• **Data extract**

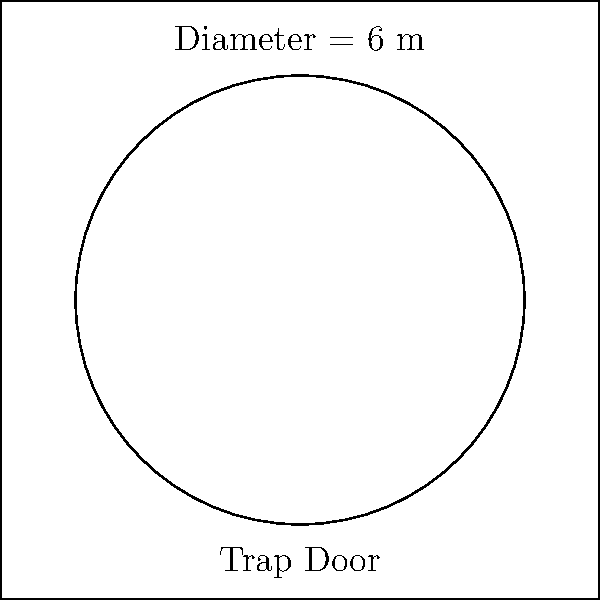In your latest thriller, the protagonist discovers a circular trap door in the antagonist's secret lair. The trap door has a diameter of 6 meters. What is the perimeter of this trap door, rounded to the nearest centimeter? To find the perimeter of the circular trap door, we need to calculate its circumference. Let's break it down step-by-step:

1. We know the diameter is 6 meters. The radius is half of the diameter:
   $r = \frac{6}{2} = 3$ meters

2. The formula for the circumference of a circle is:
   $C = 2\pi r$

3. Substituting our radius value:
   $C = 2\pi(3)$

4. Simplify:
   $C = 6\pi$ meters

5. To calculate the exact value, multiply by π:
   $C = 6 \times 3.14159...$ meters

6. This gives us approximately 18.84955592 meters

7. Rounding to the nearest centimeter (0.01 meter):
   18.85 meters

Therefore, the perimeter of the trap door is 18.85 meters or 1885 centimeters.
Answer: 18.85 m

• **Exercise instructions**
Reproduce the whole listing above character for character; pictures do not belong in it.

• **The answer**
In your latest thriller, the protagonist discovers a circular trap door in the antagonist's secret lair. The trap door has a diameter of 6 meters. What is the perimeter of this trap door, rounded to the nearest centimeter? To find the perimeter of the circular trap door, we need to calculate its circumference. Let's break it down step-by-step:

1. We know the diameter is 6 meters. The radius is half of the diameter:
   $r = \frac{6}{2} = 3$ meters

2. The formula for the circumference of a circle is:
   $C = 2\pi r$

3. Substituting our radius value:
   $C = 2\pi(3)$

4. Simplify:
   $C = 6\pi$ meters

5. To calculate the exact value, multiply by π:
   $C = 6 \times 3.14159...$ meters

6. This gives us approximately 18.84955592 meters

7. Rounding to the nearest centimeter (0.01 meter):
   18.85 meters

Therefore, the perimeter of the trap door is 18.85 meters or 1885 centimeters.
Answer: 18.85 m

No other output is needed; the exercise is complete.